-- Problem --
Show every line of the data that includes the word "font".

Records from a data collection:
[Start of Attachment]
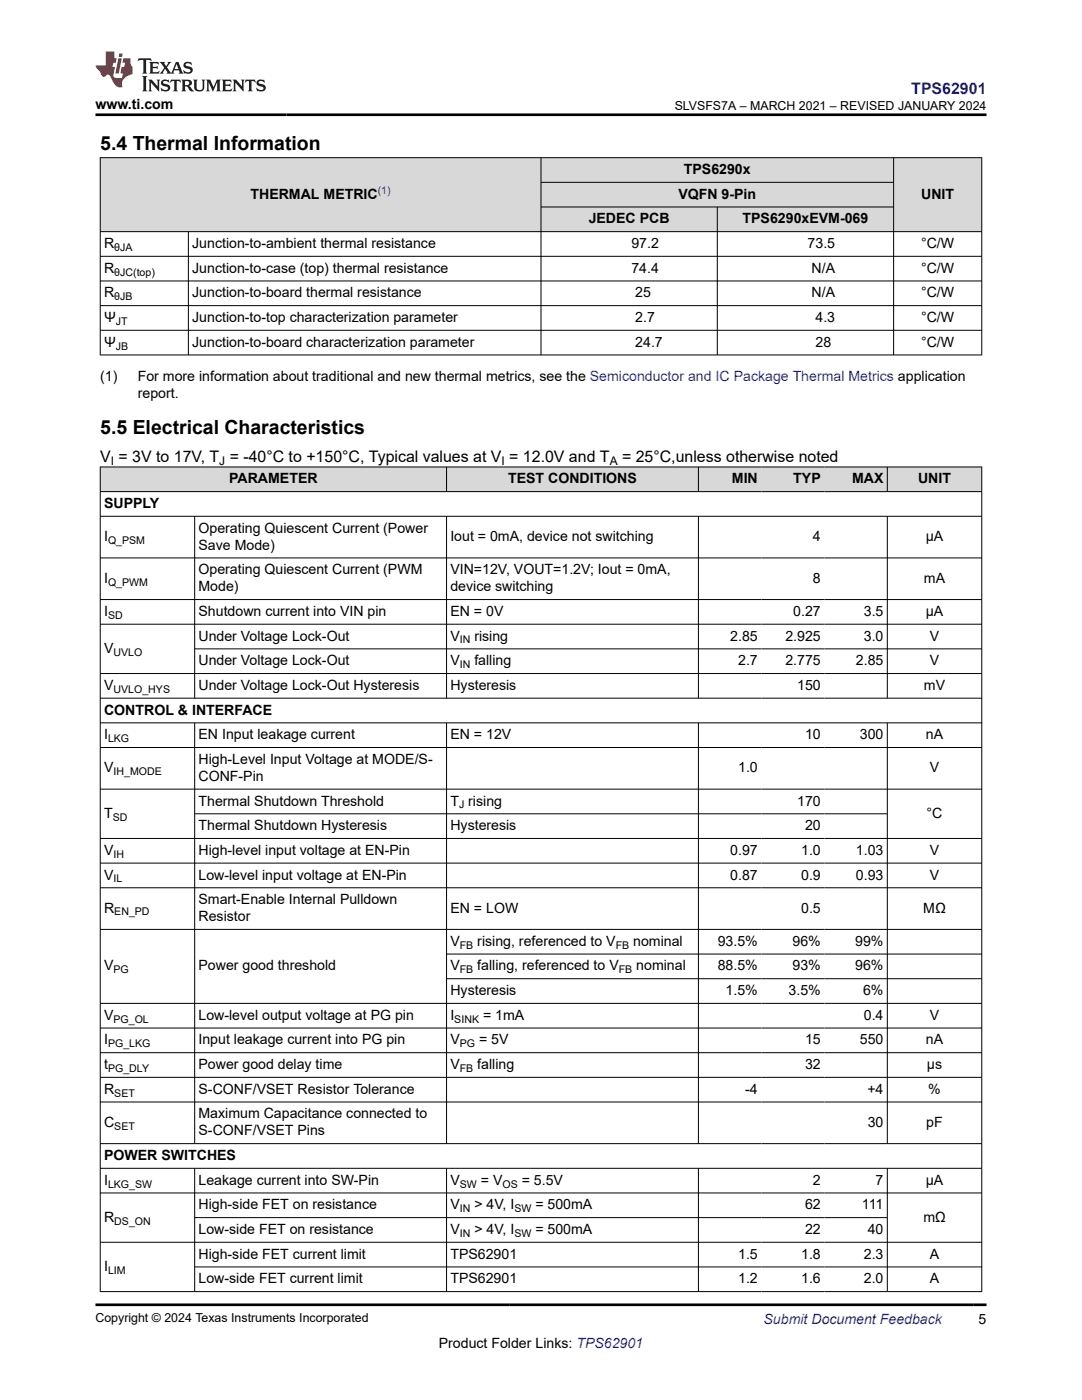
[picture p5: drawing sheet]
<svg xmlns="http://www.w3.org/2000/svg" width="216mm" height="279mm" viewBox="0 0 216 279" stroke-linecap="round" stroke-linejoin="round" font-family="sans-serif">
<defs><g id="words">
<g font-size="3.9">
<text x="20" y="29.9">5.4 Thermal Information</text>
<text x="20" y="86.7">5.5 Electrical Characteristics</text>
</g>
<text font-size="3.2" fill="#00f" x="181.8" y="18.7">TPS62901</text>
<g font-size="3.2">
<text x="20" y="92.1">V = 3V to 17V, T = -40°C to +150°C, Typical values at V = 12.0V and T</text>
<text x="124.1" y="92.1">= 25°C,unless otherwise noted</text>
</g>
<g font-size="2.8">
<text x="19" y="21.8">www.ti.com</text>
<text x="136.5" y="34.7">TPS6290x</text>
<text x="50" y="39.7">THERMAL METRIC</text>
<text x="135.4" y="39.7">VQFN 9-Pin</text>
<text x="183.8" y="39.7">UNIT</text>
<text x="117.5" y="44.6">JEDEC PCB</text>
<text x="148.2" y="44.6">TPS6290xEVM-069</text>
<text x="20.8" y="49.5">R</text>
<text x="38.4" y="49.5">Junction-to-ambient thermal resistance</text>
<text x="126" y="49.5">97.2</text>
<text x="161.2" y="49.5">73.5</text>
<text x="183.8" y="49.5">°C/W</text>
<text x="20.8" y="54.4">R</text>
<text x="20.8" y="59.3">R</text>
<text x="38.4" y="54.4">Junction-to-case (top) thermal resistance</text>
<text x="38.4" y="59.3">Junction-to-board thermal resistance</text>
<text x="126" y="54.4">74.4</text>
<text x="126.8" y="59.3">25</text>
<text x="161.9" y="54.4">N/A</text>
<text x="161.9" y="59.3">N/A</text>
<text x="183.8" y="54.4">°C/W</text>
<text x="183.8" y="59.3">°C/W</text>
<text x="20.8" y="64.3">Ψ</text>
<text x="38.4" y="64.3">Junction-to-top characterization parameter</text>
<text x="126.8" y="64.3">2.7</text>
<text x="162.7" y="64.3">4.3</text>
<text x="183.8" y="64.3">°C/W</text>
<text x="20.8" y="69.2">Ψ</text>
<text x="38.4" y="69.2">Junction-to-board characterization parameter</text>
<text x="126.8" y="69.2">24.7</text>
<text x="162.7" y="69.2">28</text>
<text x="183.8" y="69.2">°C/W</text>
<text x="20" y="76">(1)</text>
<text x="27.5" y="76">For more information about traditional and new thermal metrics, see the Semiconductor and IC Package Thermal Metrics application</text>
<text x="27.5" y="79.4">report.</text>
<text x="20.8" y="101.4">SUPPLY</text>
<text x="45.7" y="96.5">PARAMETER</text>
<text x="101.4" y="96.5">TEST CONDITIONS</text>
<text x="146" y="96.5">MIN</text>
<text x="158.3" y="96.5">TYP</text>
<text x="170" y="96.5">MAX</text>
<text x="183.2" y="96.5">UNIT</text>
<text x="39.6" y="106.3">Operating Quiescent Current (Power</text>
<text x="20.8" y="108">I</text>
<text x="39.6" y="109.7">Save Mode)</text>
<text x="89.9" y="108">Iout = 0mA, device not switching</text>
<text x="162.2" y="108">4</text>
<text x="184.7" y="108">µA</text>
<text x="20.8" y="116.3">I</text>
<text x="39.6" y="114.6">Operating Quiescent Current (PWM</text>
<text x="39.6" y="118">Mode)</text>
<text x="89.9" y="114.6">VIN=12V, VOUT=1.2V; Iout = 0mA,</text>
<text x="89.9" y="118">device switching</text>
<text x="162.2" y="116.3">8</text>
<text x="184.4" y="116.3">mA</text>
<text x="20.8" y="122.9">I</text>
<text x="39.6" y="122.9">Shutdown current into VIN pin</text>
<text x="89.9" y="122.9">EN = 0V</text>
<text x="158.3" y="122.9">0.27</text>
<text x="172.4" y="122.9">3.5</text>
<text x="184.7" y="122.9">µA</text>
<text x="20.8" y="130.3">V</text>
<text x="39.6" y="127.8">Under Voltage Lock-Out</text>
<text x="89.9" y="127.8">V</text>
<text x="94.7" y="127.8">rising</text>
<text x="145.7" y="127.8">2.85</text>
<text x="156.7" y="127.8">2.925</text>
<text x="172.4" y="127.8">3.0</text>
<text x="185.5" y="127.8">V</text>
<text x="20.8" y="137.7">V</text>
<text x="39.6" y="132.8">Under Voltage Lock-Out</text>
<text x="39.6" y="137.7">Under Voltage Lock-Out Hysteresis</text>
<text x="89.9" y="132.8">V</text>
<text x="89.9" y="137.7">Hysteresis</text>
<text x="94.7" y="132.8">falling</text>
<text x="147.3" y="132.8">2.7</text>
<text x="156.7" y="132.8">2.775</text>
<text x="159.1" y="137.7">150</text>
<text x="170.8" y="132.8">2.85</text>
<text x="184.4" y="137.7">mV</text>
<text x="185.5" y="132.8">V</text>
<text x="20.8" y="142.6">CONTROL &amp; INTERFACE</text>
<text x="20.8" y="147.5">I</text>
<text x="39.6" y="147.5">EN Input leakage current</text>
<text x="89.9" y="147.5">EN = 12V</text>
<text x="160.6" y="147.5">10</text>
<text x="171.6" y="147.5">300</text>
<text x="184.7" y="147.5">nA</text>
<text x="20.8" y="154.1">V</text>
<text x="39.6" y="152.5">High-Level Input Voltage at MODE/S-</text>
<text x="39.6" y="155.8">CONF-Pin</text>
<text x="147.3" y="154.1">1.0</text>
<text x="185.5" y="154.1">V</text>
<text x="39.6" y="160.8">Thermal Shutdown Threshold</text>
<text x="89.9" y="160.8">T rising</text>
<text x="159.1" y="160.8">170</text>
<text x="20.8" y="163.2">T</text>
<text x="39.6" y="165.7">Thermal Shutdown Hysteresis</text>
<text x="89.9" y="165.7">Hysteresis</text>
<text x="160.6" y="165.7">20</text>
<text x="184.9" y="163.2">°C</text>
<text x="20.8" y="170.6">V</text>
<text x="39.6" y="170.6">High-level input voltage at EN-Pin</text>
<text x="145.7" y="170.6">0.97</text>
<text x="159.9" y="170.6">1.0</text>
<text x="170.8" y="170.6">1.03</text>
<text x="185.5" y="170.6">V</text>
<text x="20.8" y="175.5">V</text>
<text x="39.6" y="175.5">Low-level input voltage at EN-Pin</text>
<text x="145.7" y="175.5">0.87</text>
<text x="159.9" y="175.5">0.9</text>
<text x="170.8" y="175.5">0.93</text>
<text x="185.5" y="175.5">V</text>
<text x="20.8" y="182.1">R</text>
<text x="39.6" y="180.4">Smart-Enable Internal Pulldown</text>
<text x="39.6" y="183.8">Resistor</text>
<text x="89.9" y="182.1">EN = LOW</text>
<text x="159.9" y="182.1">0.5</text>
<text x="184.2" y="182.1">MΩ</text>
<text x="89.9" y="188.8">V</text>
<text x="95.2" y="188.8">rising, referenced to V</text>
<text x="126.3" y="188.8">nominal</text>
<text x="143.2" y="188.8">93.5%</text>
<text x="158.1" y="188.8">96%</text>
<text x="170.6" y="188.8">99%</text>
<text x="20.8" y="193.7">V</text>
<text x="39.6" y="193.7">Power good threshold</text>
<text x="89.9" y="193.7">V</text>
<text x="95.2" y="193.7">falling, referenced to V</text>
<text x="127" y="193.7">nominal</text>
<text x="143.2" y="193.7">88.5%</text>
<text x="158.1" y="193.7">93%</text>
<text x="170.6" y="193.7">96%</text>
<text x="20.8" y="203.5">V</text>
<text x="39.6" y="203.5">Low-level output voltage at PG pin</text>
<text x="89.9" y="198.6">Hysteresis</text>
<text x="89.9" y="203.5">I</text>
<text x="96.4" y="203.5">= 1mA</text>
<text x="144.8" y="198.6">1.5%</text>
<text x="157.4" y="198.6">3.5%</text>
<text x="172.2" y="198.6">6%</text>
<text x="172.4" y="203.5">0.4</text>
<text x="185.5" y="203.5">V</text>
<text x="20.8" y="208.4">I</text>
<text x="39.6" y="208.4">Input leakage current into PG pin</text>
<text x="89.9" y="208.4">V</text>
<text x="95.6" y="208.4">= 5V</text>
<text x="160.6" y="208.4">15</text>
<text x="171.6" y="208.4">550</text>
<text x="184.7" y="208.4">nA</text>
<text x="20.8" y="213.4">t</text>
<text x="39.6" y="213.4">Power good delay time</text>
<text x="89.9" y="213.4">V</text>
<text x="95.2" y="213.4">falling</text>
<text x="160.6" y="213.4">32</text>
<text x="185" y="213.4">µs</text>
<text x="20.8" y="218.3">R</text>
<text x="39.6" y="218.3">S-CONF/VSET Resistor Tolerance</text>
<text x="148.7" y="218.3">-4</text>
<text x="173.1" y="218.3">+4</text>
<text x="185.2" y="218.3">%</text>
<text x="20.8" y="224.9">C</text>
<text x="39.6" y="223.2">Maximum Capacitance connected to</text>
<text x="39.6" y="226.6">S-CONF/VSET Pins</text>
<text x="173.1" y="224.9">30</text>
<text x="184.8" y="224.9">pF</text>
<text x="20.8" y="231.5">POWER SWITCHES</text>
<text x="20.8" y="236.4">I</text>
<text x="39.6" y="236.4">Leakage current into SW-Pin</text>
<text x="89.9" y="236.4">V</text>
<text x="95.9" y="236.4">= V</text>
<text x="104.1" y="236.4">= 5.5V</text>
<text x="162.2" y="236.4">2</text>
<text x="174.7" y="236.4">7</text>
<text x="184.7" y="236.4">µA</text>
<text x="20.8" y="243.8">R</text>
<text x="39.6" y="241.4">High-side FET on resistance</text>
<text x="89.9" y="241.4">V</text>
<text x="94.7" y="241.4">&gt; 4V, I</text>
<text x="106.8" y="241.4">= 500mA</text>
<text x="160.6" y="241.4">62</text>
<text x="172" y="241.4">111</text>
<text x="184.2" y="243.8">mΩ</text>
<text x="39.6" y="246.3">Low-side FET on resistance</text>
<text x="39.6" y="251.2">High-side FET current limit</text>
<text x="89.9" y="246.3">V</text>
<text x="89.9" y="251.2">TPS62901</text>
<text x="94.7" y="246.3">&gt; 4V, I</text>
<text x="106.8" y="246.3">= 500mA</text>
<text x="147.3" y="251.2">1.5</text>
<text x="159.9" y="251.2">1.8</text>
<text x="160.6" y="246.3">22</text>
<text x="172.4" y="251.2">2.3</text>
<text x="173.1" y="246.3">40</text>
<text x="185.5" y="251.2">A</text>
<text x="20.8" y="253.7">I</text>
<text x="39.6" y="256.1">Low-side FET current limit</text>
<text x="89.9" y="256.1">TPS62901</text>
<text x="147.3" y="256.1">1.2</text>
<text x="159.9" y="256.1">1.6</text>
<text x="172.4" y="256.1">2.0</text>
<text x="185.5" y="256.1">A</text>
<text x="87.6" y="269">Product Folder Links: TPS62901</text>
<text x="195.3" y="264.2">5</text>
</g>
<text font-size="2.8" fill="#00f" x="152.4" y="264.2">Submit Document Feedback</text>
<g font-size="2.5">
<text x="134.6" y="21.9">SLVSFS7A – MARCH 2021 – REVISED JANUARY 2024</text>
<text x="19" y="263.9">Copyright © 2024 Texas Instruments Incorporated</text>
</g>
<g font-size="2.4">
<text x="22.1" y="92.8">I</text>
<text x="43.8" y="92.8">J</text>
<text x="100.1" y="92.8">I</text>
<text x="121.7" y="92.8">A</text>
</g>
<text font-size="2.1" fill="#00f" x="75.4" y="38.7">(1)</text>
<g font-size="2.1">
<text x="22.8" y="50.1">θJA</text>
<text x="22.8" y="55">θJC(top)</text>
<text x="22.8" y="59.9">θJB</text>
<text x="23.1" y="64.8">JT</text>
<text x="23.1" y="69.8">JB</text>
<text x="21.6" y="108.6">Q_PSM</text>
<text x="21.6" y="116.9">Q_PWM</text>
<text x="21.6" y="123.5">SD</text>
<text x="22.6" y="130.9">UVLO</text>
<text x="91.8" y="128.4">IN</text>
<text x="91.8" y="133.3">IN</text>
<text x="22.6" y="138.3">UVLO_HYS</text>
<text x="21.6" y="148.1">LKG</text>
<text x="22.6" y="154.7">IH_MODE</text>
<text x="91.6" y="161.3">J</text>
<text x="22.5" y="163.8">SD</text>
<text x="22.6" y="171.2">IH</text>
<text x="22.6" y="176.1">IL</text>
<text x="22.8" y="182.7">EN_PD</text>
<text x="91.8" y="189.3">FB</text>
<text x="122.9" y="189.3">FB</text>
<text x="22.6" y="194.2">PG</text>
<text x="91.8" y="194.2">FB</text>
<text x="123.5" y="194.2">FB</text>
<text x="21.6" y="209">PG_LKG</text>
<text x="22.6" y="204.1">PG_OL</text>
<text x="90.7" y="204.1">SINK</text>
<text x="91.8" y="209">PG</text>
<text x="21.6" y="213.9">PG_DLY</text>
<text x="91.8" y="213.9">FB</text>
<text x="22.8" y="218.8">SET</text>
<text x="22.8" y="225.5">SET</text>
<text x="21.6" y="237">LKG_SW</text>
<text x="91.8" y="237">SW</text>
<text x="100.3" y="237">OS</text>
<text x="22.8" y="244.4">DS_ON</text>
<text x="91.8" y="241.9">IN</text>
<text x="102.6" y="241.9">SW</text>
<text x="91.8" y="246.8">IN</text>
<text x="102.6" y="246.8">SW</text>
<text x="21.6" y="254.2">LIM</text>
</g>
</g></defs>
<g fill="#d8d8d8">
<path d="M20 31.5h175.9v4.9h-175.9z" fill-rule="evenodd"/>
<path d="M20.1 31.5h87.8v14.7h-87.8z" fill-rule="evenodd"/>
<path d="M108 31.5h70.2v4.8h-70.2z" fill-rule="evenodd"/>
<path d="M178.4 31.5h17.4v14.7h-17.4z" fill-rule="evenodd"/>
<path d="M108 36.5h70.2v4.7h-70.2z" fill-rule="evenodd"/>
<path d="M108 41.4h35.1v4.8h-35.1z" fill-rule="evenodd"/>
<path d="M143.2 41.4h35v4.8h-35z" fill-rule="evenodd"/>
</g>
<g fill="none" stroke="#000" stroke-width=".2">
<path d="M19.9 31.5h176.1M20 31.4v39.5M107.9 31.4v39.5M107.9 36.4h70.5M178.3 31.4v39.5M195.9 31.4v39.5M19.9 46.2h176.1M19.9 51.2h176.1M19.9 56.1h176.1M37.6 46.2v24.7M107.9 41.3h70.5M143.1 41.3v29.6"/>
<path d="M19.9 61h176.1M19.9 65.9h176.1M19.9 70.8h176.1"/>
</g>
<g fill="#d8d8d8">
<path d="M20 93.2h175.9v4.9h-175.9z" fill-rule="evenodd"/>
<path d="M20.1 93.3h68.9v4.8h-68.9z" fill-rule="evenodd"/>
<path d="M89.2 93.3h50.1v4.8h-50.1z" fill-rule="evenodd"/>
<path d="M139.4 93.3h12.5v4.8h-12.5z" fill-rule="evenodd"/>
<path d="M151.9 93.3h12.6v4.8h-12.6z" fill-rule="evenodd"/>
<path d="M164.5 93.3h12.5v4.8h-12.5z" fill-rule="evenodd"/>
<path d="M177.1 93.3h18.7v4.8h-18.7z" fill-rule="evenodd"/>
</g>
<g fill="none" stroke="#000" stroke-width=".2">
<path d="M19.9 93.2h176.1M19.9 98.1h176.1M20 93.1v164.7M89.1 93.1v5.1M139.4 93.1v5.1M177.1 93.1v5.1M195.9 93.1v164.7M19.9 103h176.1M19.9 111.3h176.1M19.9 119.7h176.1M38.8 103v36.4M89.1 103v36.4"/>
<path d="M139.4 103v36.4M177.1 103v36.4M19.9 124.6h176.1M19.9 134.4h176.1M19.9 139.3h176.1M38.8 129.5h157.2M19.9 144.3h176.1M19.9 149.2h176.1M19.9 157.5h176.1M38.8 144.3v84M89.1 144.3v84M139.4 144.3v84"/>
<path d="M177.1 144.3v84M19.9 167.3h176.1M19.9 172.3h176.1M19.9 177.2h176.1M38.8 162.4h138.3M19.9 185.5h176.1M89.1 190.4h106.9M89.1 195.3h106.9M19.9 205.2h176.1M19.9 210.1h176.1M19.9 215h176.1M19.9 219.9h176.1"/>
<path d="M196 200.2h-176.1M19.9 228.2h176.1M19.9 233.2h176.1M19.9 238.1h176.1M38.8 233.2v24.6M89.1 233.2v24.6M139.4 233.2v24.6M177.1 233.2v24.6M19.9 247.9h176.1M19.9 257.8h176.1M38.8 243h138.3M38.8 252.8h157.2"/>
</g>
<path d="M27.7 11.6l-.2 .6 .5-.2h.6v.1v2.2l-.2 .4h1l-.2-.4v-2.2v-.1h.5l.5 .2-.1-.6zM29.8 12.4l.2 .3v1.6l-.2 .4h1.9l.1-.6a1.08 1.08 0 0 1-1.3 .2v-.7h.6l.4 .2v-.7l-.4 .2h-.6v-.5l.2-.2a1 1 0 0 1 1 .3l-.1-.5zM31.8 12.4l1 1.1-1 1.2h.9l-.2-.2 .4-.8 .5 .8-.2 .2h1.6l-.2-.2 .1-.5h1l.1 .5-.1 .2h.9l-.2-.4-.8-1.9h-.5l-1 2.1-.8-1.1 .9-1h-.8l.2 .2-.5 .6-.3-.6 .1-.2zM35.2 12.8l.4 1h-.8zM36.8 12.5a.65 .65 0 0 0-.2 .7 .65 .65 0 0 0 .6 .5l.7 .1 .1 .3a.79 .79 0 0 1-.7 .4 .79 .79 0 0 1-.7-.5l.1 .7 .2-.1a.93 .93 0 0 0 1.1 0 .93 .93 0 0 0 .4-.9 1.46 1.46 0 0 0-1.2-.6l-.1-.3a1.09 1.09 0 0 1 1.2 .2l-.2-.6-.1 .1-.6-.2zM28.4 15.2l.2 .4v2.2l-.2 .4h1l-.2-.4v-2.2l.2-.4zM29.6 15.9l.2 .4v1.5l-.2 .4h.8l-.3-.4v-1.3l1.7 1.8v-2l.2-.4h-.8l.2 .2 .1 1.1-1.2-1.3zM32.3 16a.65 .65 0 0 0-.2 .8 .65 .65 0 0 0 .7 .4l.6 .2 .1 .2a.79 .79 0 0 1-.7 .4 .79 .79 0 0 1-.7-.5l.1 .7 .2-.1a.93 .93 0 0 0 1.1 .1 .93 .93 0 0 0 .4-1 1.46 1.46 0 0 0-1.2-.5l-.1-.4a1.09 1.09 0 0 1 1.2 .2l-.2-.6-.1 .1-.6-.1zM34.1 15.9l-.1 .6a.63 .63 0 0 1 .7-.3l.1 1.6-.3 .4h1l-.2-.4v-1.6a.66 .66 0 0 1 .8 .3l-.1-.6zM36.2 15.9l.2 .4v1.5l-.2 .4h.9l-.2-.2v-.7h.5l.1 .2a.79 .79 0 0 0 1.2 .6l-1-.9a.61 .61 0 0 0 .6-.6 .61 .61 0 0 0-.5-.7zM36.9 16.2h.2a.47 .47 0 0 1 .5 .1 .47 .47 0 0 1 .1 .5l-.2 .1-.6 .1zM38.5 15.9l.2 .2a2.27 2.27 0 0 0 .4 2 1.04 1.04 0 0 0 1.7-.7v-1.3l.2-.2h-.8l.2 .4v1.1a.6 .6 0 0 1-.6 .6 .6 .6 0 0 1-.6-.6v-1.1l.3-.4zM41.1 15.9l.2 .4v1.5l-.2 .4h.7l-.2-.4v-1.4l.9 1.9 .8-1.9v1.4l-.2 .4h1l-.3-.4v-1.5l.3-.4h-.8l-.7 1.5-.7-1.5zM44.3 15.9l.2 .4v1.5l-.2 .4h1.9l.1-.6a1.09 1.09 0 0 1-1.3 .2v-.7h.6l.4 .2v-.6l-.4 .2h-.6v-.6l.2-.1a1.01 1.01 0 0 1 1 .3l-.1-.6zM46.4 15.9l.3 .4v1.5l-.3 .4h.8l-.2-.4v-1.3l1.6 1.8v-2l.2-.4h-.7l.2 .2v1.1l-1.2-1.3zM49 15.9l-.1 .6a.63 .63 0 0 1 .8-.3v1.6l-.3 .4h1l-.2-.4v-1.6a.66 .66 0 0 1 .8 .3l-.1-.6zM51.4 16a.65 .65 0 0 0-.2 .8 .65 .65 0 0 0 .6 .4l.6 .2 .2 .2a.79 .79 0 0 1-.8 .4 .79 .79 0 0 1-.6-.5l.1 .7 .2-.1a.93 .93 0 0 0 1 .1 .93 .93 0 0 0 .5-1 1.46 1.46 0 0 0-1.3-.5l-.1-.4a1.09 1.09 0 0 1 1.3 .2l-.2-.6-.2 .1-.5-.1z" fill="#231f20"/>
<path d="M21.1 10.3v2.7h-2.1l.1 .4 .9 1a.95 .95 0 0 0 .9 .9 .59 .59 0 0 1 .6-.4 .59 .59 0 0 1 .5 .3l.4 .8a1.59 1.59 0 0 0 2.1 1.4 1.61 1.61 0 0 1 1-2.3l1-.3-.1-1.5a1.59 1.59 0 0 1-.4-1.7h-1.4l-.2 .9h.5l-.1 .9h-.5l-.2 .9v.3l.4 .1-.2 .9h-.6a.73 .73 0 0 1-1.1-.7l.3-1.5h-.5l.2-.9h.5l.2-.9h-.5v-1.3zM23.6 11.6l-.6 3.1h.7l.6-3.1zM23.8 10.7l-.1 .6h.7l.1-.6z" fill="#ed1c24"/>
<path d="M19 22.9h177.8M19 260.4h177.8" fill="none" stroke="#000" stroke-width=".53"/>
<use href="#words"/>
</svg>
[End of Attachment]
-- Problem solution --
<svg xmlns="http://www.w3.org/2000/svg" width="216mm" height="279mm" viewBox="0 0 216 279" stroke-linecap="round" stroke-linejoin="round" font-family="sans-serif">
<g font-size="3.9">
<text font-size="3.2" fill="#00f" x="181.8" y="18.7">TPS62901</text>
<g font-size="3.2">
<g font-size="2.8">
<text font-size="2.8" fill="#00f" x="152.4" y="264.2">Submit Document Feedback</text>
<g font-size="2.5">
<g font-size="2.4">
<text font-size="2.1" fill="#00f" x="75.4" y="38.7">(1)</text>
<g font-size="2.1">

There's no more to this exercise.